This article will give advice on what to do to if you believe or know that you have a pest problem in your property.

There are many reasons why pests may enter your property, this includes; food being left out, open rubbish, lack of cleanliness in the home etc., so to avoid a pest problem, ensure that your property is cleaned regularly, food is put away and rubbish is not left out in the open.

If you do believe there is a pest problem in your property, alert your landlord or hall’s manager immediately.

How do I know if I have rats?

If you believe that you have rats in your property, there will be telltale signs:

  • Visual sighting – rats will be much larger than mice
  • Droppings – normally bullet-shaped and between 8mm and 25mm long
  • Possible footprints or tail marks in dust and dark smears on bottom of walls from the grease and dirt on the rat’s coat
  • Holes or burrows outside, maybe accompanied by earth or debris
  • Gnaw marks on woodwork or damage to property
  • Damage or disappearance of food
  • Scratching noises (although mice, squirrels or birds can also cause such noises)

Why might I have rats?

There are many reasons. Rats are searching for food, water and warmth, and at times may enter properties or pass through gardens to find these resources.

Rubbish bags not contained in bins also offer a food source to rats.

Holes, damaged airbricks, redundant pipes or damaged drainage systems can give access for rodents into your property, particularly where disused drainpipes have been removed.

What should I do?

If you believe you have rats, get professional help immediately and contact your landlord. It is important to control rats, not only because of the damage they may cause and the food they spoil through droppings and urine causing food to become contaminated, but also because they transmit disease (some of which are transferable to humans) as they live and breed in sewers.

You must also use an anti-bacterial cleaning agent on all kitchen/food surfaces before food preparation, and clean up all food and waste when finished. Keep houses clean, and keep food supplies safe and in sealed containers away from possible access points, such as the back of a cupboard.

Call Portsmouth City Council and they will treat the problem.

There is no charge for this service as a tenant as the cost is paid by the landlord, so it is advisable to speak to them before calling the council.

How do I know if I have mice?

You may have found mice in your property or you may think you have them due to signs that indicate that they are in your home:

  • Droppings (very small pellets)
  • Evidence of your food being eaten or damaged food items found in the home
  • Scratching noises or marks may be found around the property

Why might I have mice?

House mice (the most common mouse) come into our homes because it can provide them with all the things they need, such as warmth and easy food opportunities.

Remember that if you leave food easily accessible about your kitchen or home, it can attract mice. They can gain access through the smallest of gaps (pencil width).

What should I do?

Mice do not carry the same diseases as rats and are seen as less threatening, however they are still hazardous. Inform your landlord and take these necessary steps.

General measures to take are:

  • Washing all surfaces with an antibacterial agent before any food preparation
  • Clear away food and do not leave crumbs about to attract the mice
  • Check your cupboards for possible gaps/access and move any accessible foodstuff
  • Food should be placed in sealed containers and the cupboard cleaned

You can buy traps to deal with the mice, but often poison is found to be more successful.

Ensure you read all safety requirements fully concerning poisons. Portsmouth City Council will treat mice problems with poison, which is contained in tamper-resistant boxes and placed out of sight (for example at the back of cookers or fridges or under units) so that children or pets will not be harmed.

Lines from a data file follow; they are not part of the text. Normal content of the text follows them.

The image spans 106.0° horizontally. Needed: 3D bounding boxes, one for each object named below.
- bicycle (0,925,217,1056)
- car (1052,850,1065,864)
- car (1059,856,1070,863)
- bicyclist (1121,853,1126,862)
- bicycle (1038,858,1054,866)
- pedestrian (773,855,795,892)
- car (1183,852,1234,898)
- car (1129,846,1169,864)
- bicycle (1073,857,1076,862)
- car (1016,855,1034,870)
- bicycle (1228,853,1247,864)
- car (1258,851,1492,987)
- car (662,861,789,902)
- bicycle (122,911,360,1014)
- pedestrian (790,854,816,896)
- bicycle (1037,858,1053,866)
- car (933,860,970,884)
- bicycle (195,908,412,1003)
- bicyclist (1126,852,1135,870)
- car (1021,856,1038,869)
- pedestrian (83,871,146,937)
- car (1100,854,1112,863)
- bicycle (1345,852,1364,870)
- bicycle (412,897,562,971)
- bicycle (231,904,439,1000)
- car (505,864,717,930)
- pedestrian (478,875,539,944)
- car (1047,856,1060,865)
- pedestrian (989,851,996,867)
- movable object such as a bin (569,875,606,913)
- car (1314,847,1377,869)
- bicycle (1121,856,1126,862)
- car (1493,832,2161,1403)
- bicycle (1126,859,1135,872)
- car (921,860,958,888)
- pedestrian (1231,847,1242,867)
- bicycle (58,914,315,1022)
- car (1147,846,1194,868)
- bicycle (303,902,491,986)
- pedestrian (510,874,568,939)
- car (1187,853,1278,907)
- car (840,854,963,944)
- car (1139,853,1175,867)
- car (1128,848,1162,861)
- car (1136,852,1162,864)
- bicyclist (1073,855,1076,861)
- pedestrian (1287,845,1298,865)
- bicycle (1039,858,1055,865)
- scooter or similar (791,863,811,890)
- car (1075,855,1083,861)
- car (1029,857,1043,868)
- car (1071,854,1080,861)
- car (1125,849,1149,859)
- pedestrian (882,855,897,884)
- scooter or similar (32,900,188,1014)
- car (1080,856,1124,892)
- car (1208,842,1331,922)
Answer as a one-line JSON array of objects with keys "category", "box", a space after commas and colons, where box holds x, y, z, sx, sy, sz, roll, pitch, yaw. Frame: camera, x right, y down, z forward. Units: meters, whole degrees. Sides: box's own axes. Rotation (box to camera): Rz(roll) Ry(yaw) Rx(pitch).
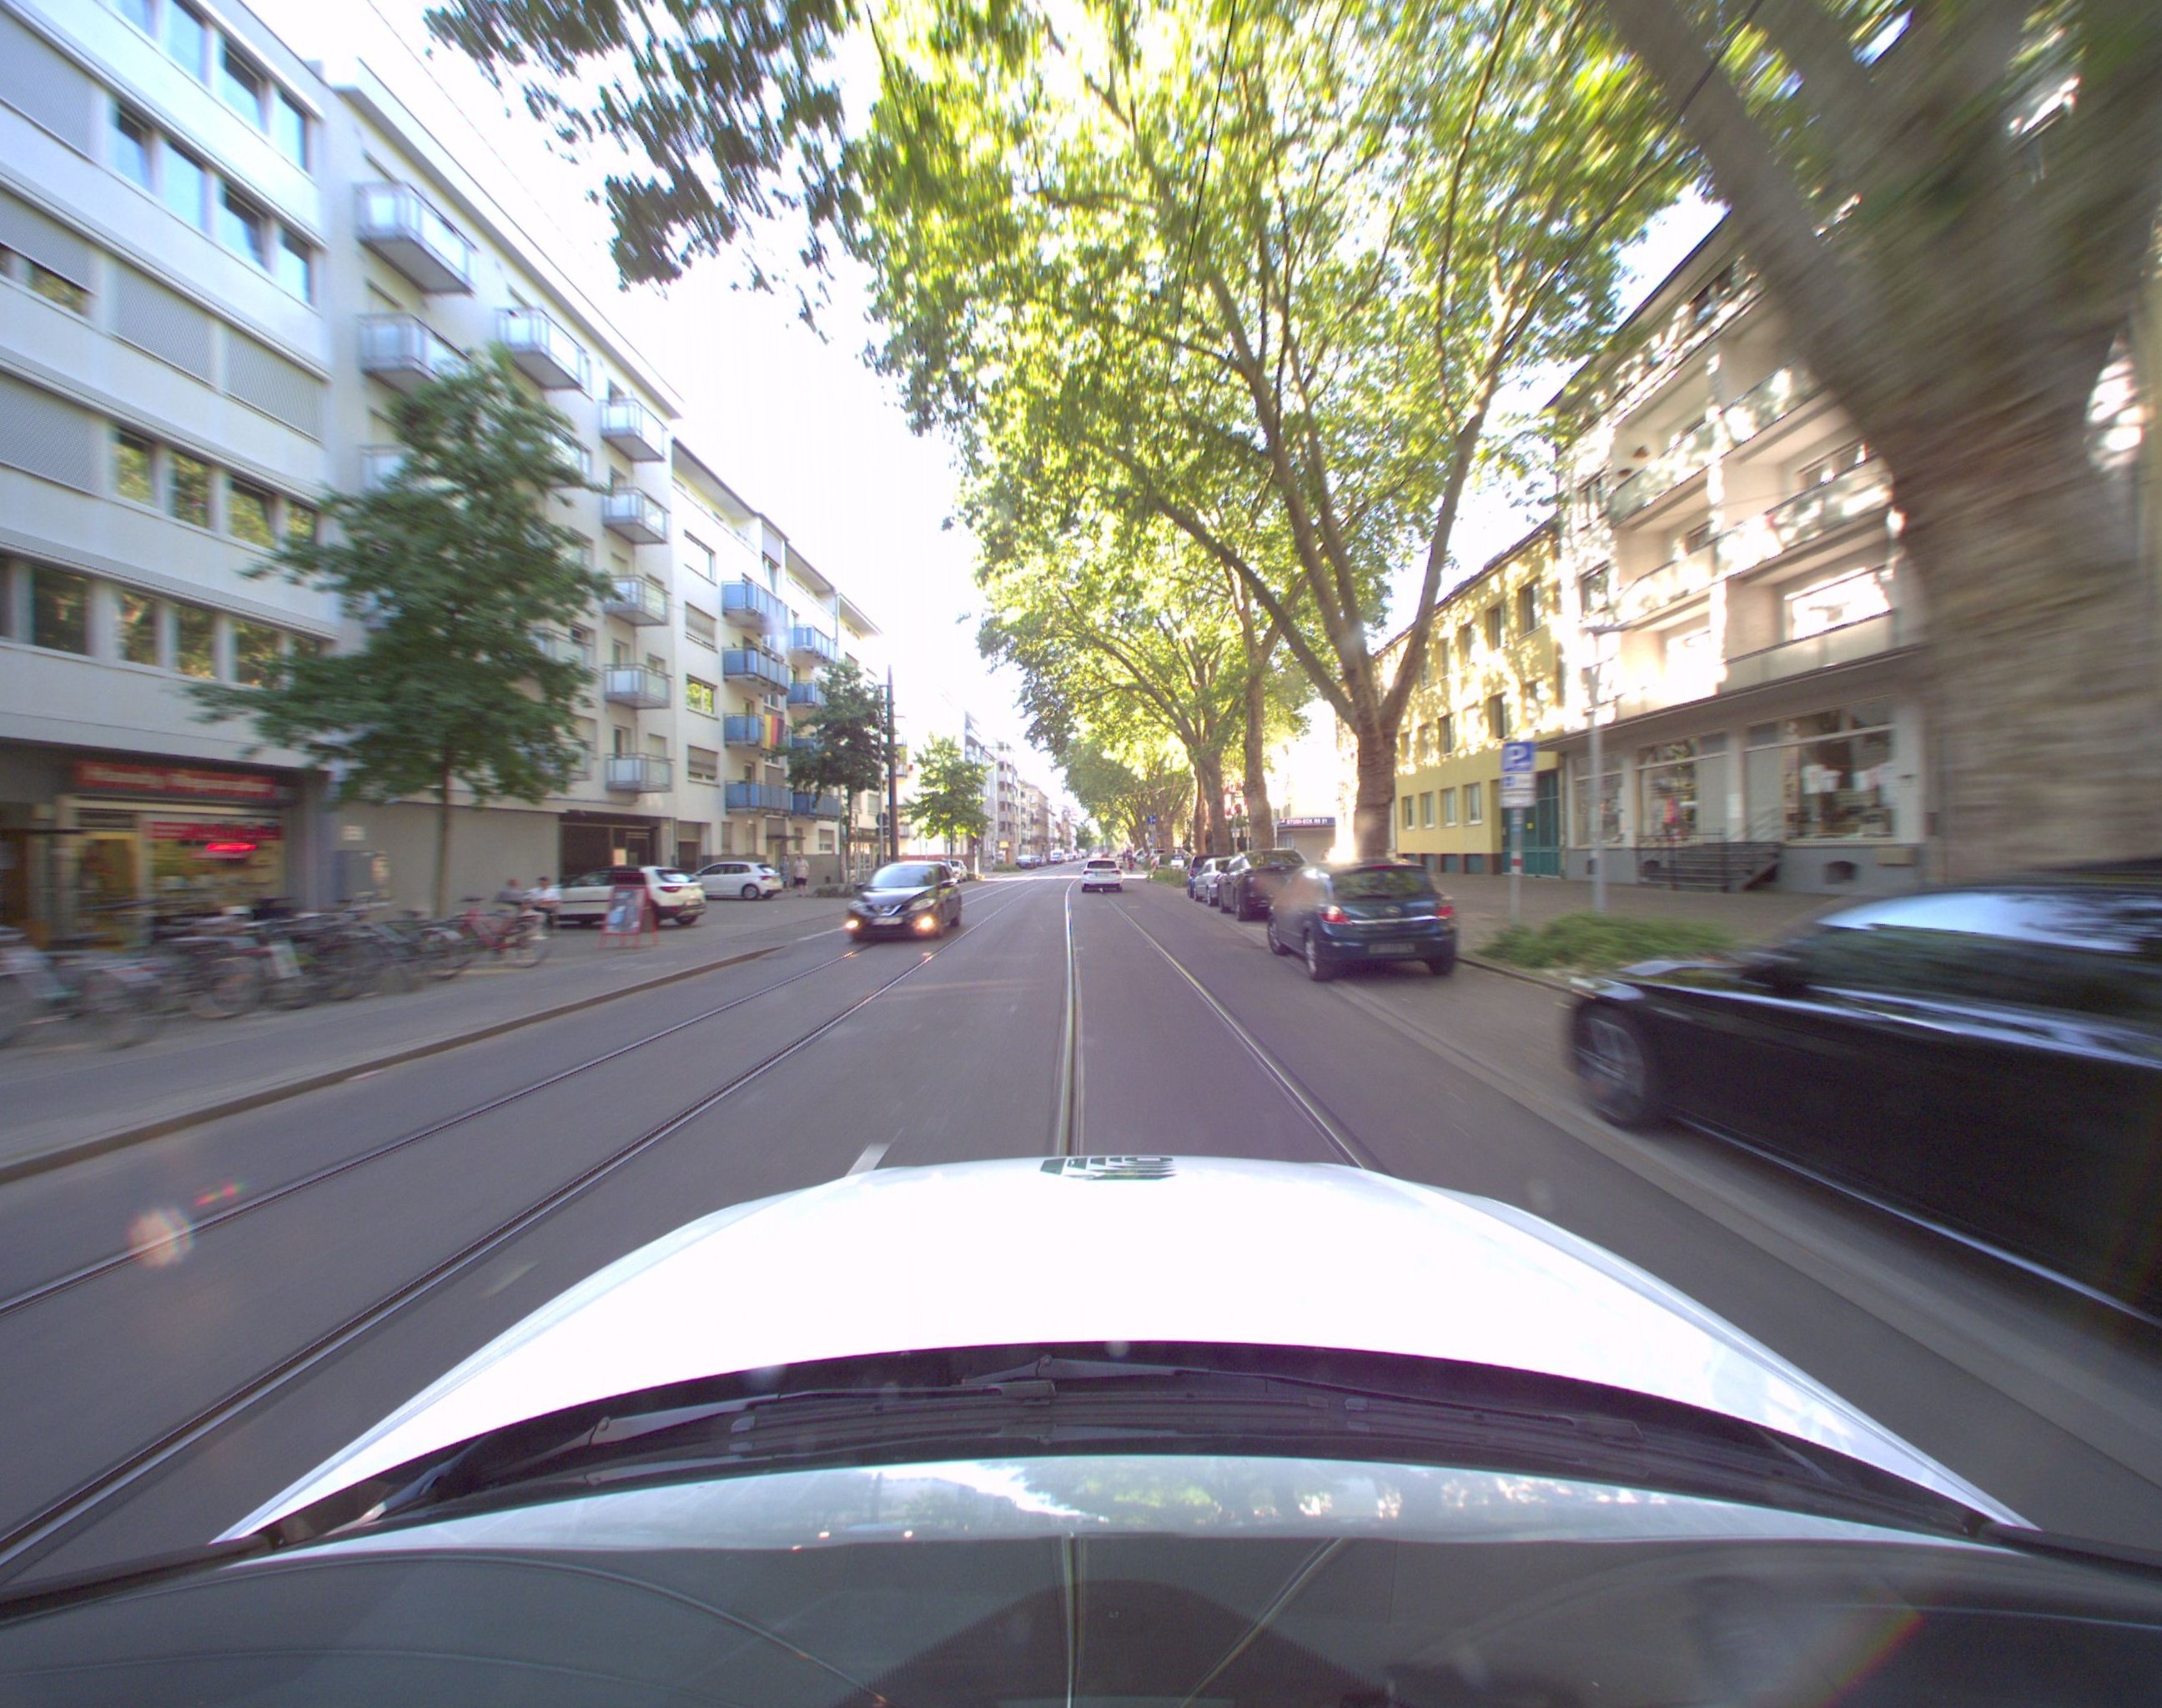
[{"category": "bicycle", "box": [-8.647, 1.144, 6.983, 1.687, 1.007, 0.657, 0, -1, -3]}, {"category": "car", "box": [-4.232, 0.586, 153.290, 2.170, 2.597, 4.951, -1, 0, 2]}, {"category": "car", "box": [-3.481, 1.145, 173.613, 1.986, 1.530, 4.002, -1, 0, 2]}, {"category": "bicyclist", "box": [6.736, 0.521, 128.864, 0.647, 1.344, 0.934, -2, 0, 0]}, {"category": "bicycle", "box": [-5.645, 1.241, 130.432, 2.520, 1.172, 0.718, 1, -2, -5]}, {"category": "pedestrian", "box": [-13.493, 0.879, 37.000, 0.661, 1.691, 0.749, -1, 0, 0]}, {"category": "car", "box": [4.596, 0.736, 29.755, 1.557, 1.519, 2.913, -3, -1, 4]}, {"category": "car", "box": [10.911, 0.132, 131.251, 6.110, 2.635, 2.529, -1, 0, 0]}, {"category": "bicycle", "box": [-1.331, 1.084, 168.402, 0.603, 1.071, 1.583, -2, 0, 0]}, {"category": "car", "box": [-6.634, 0.966, 96.677, 1.696, 1.650, 4.242, 1, 0, 1]}, {"category": "bicycle", "box": [17.593, 0.467, 91.501, 1.942, 1.156, 0.571, -3, -1, -6]}, {"category": "car", "box": [3.707, 0.724, 11.134, 1.856, 1.437, 4.230, -2, 0, 4]}, {"category": "car", "box": [-13.456, 1.034, 30.991, 4.000, 1.475, 1.851, 0, -1, -1]}, {"category": "bicycle", "box": [-9.068, 1.152, 8.849, 1.825, 1.007, 0.657, 0, -1, -3]}, {"category": "pedestrian", "box": [-11.560, 0.864, 33.825, 0.761, 1.691, 0.795, -1, 0, 0]}, {"category": "bicycle", "box": [-5.742, 1.237, 129.552, 2.544, 1.172, 0.873, 2, -2, -38]}, {"category": "car", "box": [-8.238, 1.130, 52.222, 1.708, 1.464, 4.374, 2, 0, -2]}, {"category": "bicycle", "box": [-9.011, 1.161, 9.494, 1.825, 1.007, 0.657, 0, -1, -3]}, {"category": "bicyclist", "box": [4.016, 0.542, 65.837, 0.676, 1.443, 1.048, -2, 0, 3]}, {"category": "car", "box": [-6.434, 1.093, 101.755, 1.695, 1.544, 4.244, 1, 0, 2]}, {"category": "pedestrian", "box": [-18.422, 0.940, 15.523, 0.509, 1.198, 0.565, -2, 0, 7]}, {"category": "car", "box": [4.086, 0.700, 131.430, 1.754, 1.475, 4.003, -2, 0, 3]}, {"category": "bicycle", "box": [17.666, 0.440, 52.705, 0.580, 1.104, 1.923, -3, 0, 2]}, {"category": "bicycle", "box": [-8.698, 1.153, 11.973, 1.687, 1.007, 0.657, 0, -1, -3]}, {"category": "bicycle", "box": [-8.936, 1.156, 9.812, 1.825, 1.064, 0.657, 0, -1, -3]}, {"category": "car", "box": [-11.105, 0.990, 19.436, 3.996, 1.475, 1.853, 0, -1, 2]}, {"category": "pedestrian", "box": [-11.280, 1.078, 16.068, 0.712, 1.297, 0.744, -2, 0, -12]}, {"category": "car", "box": [-4.745, 1.065, 141.567, 1.986, 1.530, 4.002, -1, 0, 2]}, {"category": "pedestrian", "box": [-10.452, 0.625, 96.020, 0.661, 1.826, 0.965, -1, 0, 0]}, {"category": "movable object such as a bin", "box": [-14.489, 1.165, 23.931, 0.675, 1.055, 0.622, -2, 0, 3]}, {"category": "car", "box": [20.236, 0.299, 62.417, 4.122, 1.593, 1.998, -1, 0, -3]}, {"category": "bicycle", "box": [6.749, 0.787, 128.849, 0.647, 1.071, 1.583, -2, 0, 0]}, {"category": "car", "box": [3.652, 0.660, 3.002, 1.758, 1.462, 5.012, -2, 0, 1]}, {"category": "bicycle", "box": [4.030, 0.928, 65.843, 0.679, 1.071, 1.782, -2, 0, 3]}, {"category": "car", "box": [-8.225, 1.136, 47.560, 1.710, 1.464, 3.993, 2, 0, -5]}, {"category": "pedestrian", "box": [14.700, 0.309, 76.890, 0.764, 1.866, 1.188, -2, 0, -2]}, {"category": "bicycle", "box": [-9.177, 1.151, 8.410, 1.825, 1.007, 0.657, 0, -1, -3]}, {"category": "car", "box": [9.237, 0.318, 84.262, 4.530, 2.076, 2.000, -1, 0, -1]}, {"category": "bicycle", "box": [-8.885, 1.157, 10.631, 1.825, 1.007, 0.657, 0, -1, -3]}, {"category": "pedestrian", "box": [-11.501, 1.091, 17.315, 0.712, 1.297, 0.908, -2, 0, -12]}, {"category": "car", "box": [4.554, 0.767, 25.214, 1.811, 1.436, 4.600, -3, -1, -1]}, {"category": "car", "box": [-3.585, 0.822, 17.004, 1.867, 1.590, 4.141, -1, 0, -4]}, {"category": "car", "box": [8.898, 0.682, 95.492, 4.128, 1.514, 1.931, -2, 0, 1]}, {"category": "car", "box": [11.775, 0.095, 149.864, 6.110, 2.282, 2.529, -1, 0, 0]}, {"category": "car", "box": [9.927, 0.585, 119.012, 3.618, 1.666, 1.824, -2, 0, 4]}, {"category": "bicyclist", "box": [-1.335, 0.810, 168.397, 0.595, 1.286, 0.917, -2, 0, -1]}, {"category": "pedestrian", "box": [18.023, 0.088, 69.282, 0.743, 1.644, 0.666, -1, 0, 3]}, {"category": "bicycle", "box": [-5.580, 1.241, 133.157, 2.519, 1.172, 0.718, 1, -2, -3]}, {"category": "scooter or similar", "box": [-13.986, 1.132, 40.690, 0.373, 1.289, 1.240, -3, 0, 10]}, {"category": "car", "box": [-0.549, 1.148, 235.415, 1.986, 1.640, 4.002, 0, -1, 2]}, {"category": "car", "box": [-6.174, 1.121, 112.567, 1.648, 1.437, 3.837, -1, 0, 1]}, {"category": "car", "box": [-1.385, 0.916, 209.588, 1.986, 1.640, 4.002, 0, -1, 2]}, {"category": "car", "box": [14.467, -0.013, 210.068, 6.110, 2.282, 2.529, -1, 0, 0]}, {"category": "pedestrian", "box": [-11.507, 0.936, 49.005, 0.661, 1.691, 0.749, -1, 0, 0]}, {"category": "scooter or similar", "box": [-10.559, 1.107, 8.875, 1.076, 1.176, 0.498, 0, -1, 0]}, {"category": "car", "box": [0.902, 0.826, 35.271, 1.755, 1.384, 4.001, -2, 0, 1]}, {"category": "car", "box": [4.394, 0.636, 19.760, 1.851, 1.603, 4.782, -3, -1, 1]}]

There is a charge for mice treatment service. The charge will either be passed to the tenants of the property or the landlord.

Tenants will only be charged for the treatment of mice problems if it states this in the tenancy agreement. The council will ask to see a copy of the agreement.

What should I do after the treatment?

To help prevent re-infestation you should:

  • Ensure any small gaps/holes are blocked throughout the house with wire wool. Also check that any external defects that can cause access (broken pipes, broken airbricks etc) are fixed.
  • Maintain a food free environment, where no foodstuffs are left about the house.
  • Keep kitchens clean and ensure rubbish is disposed of correctly and securely.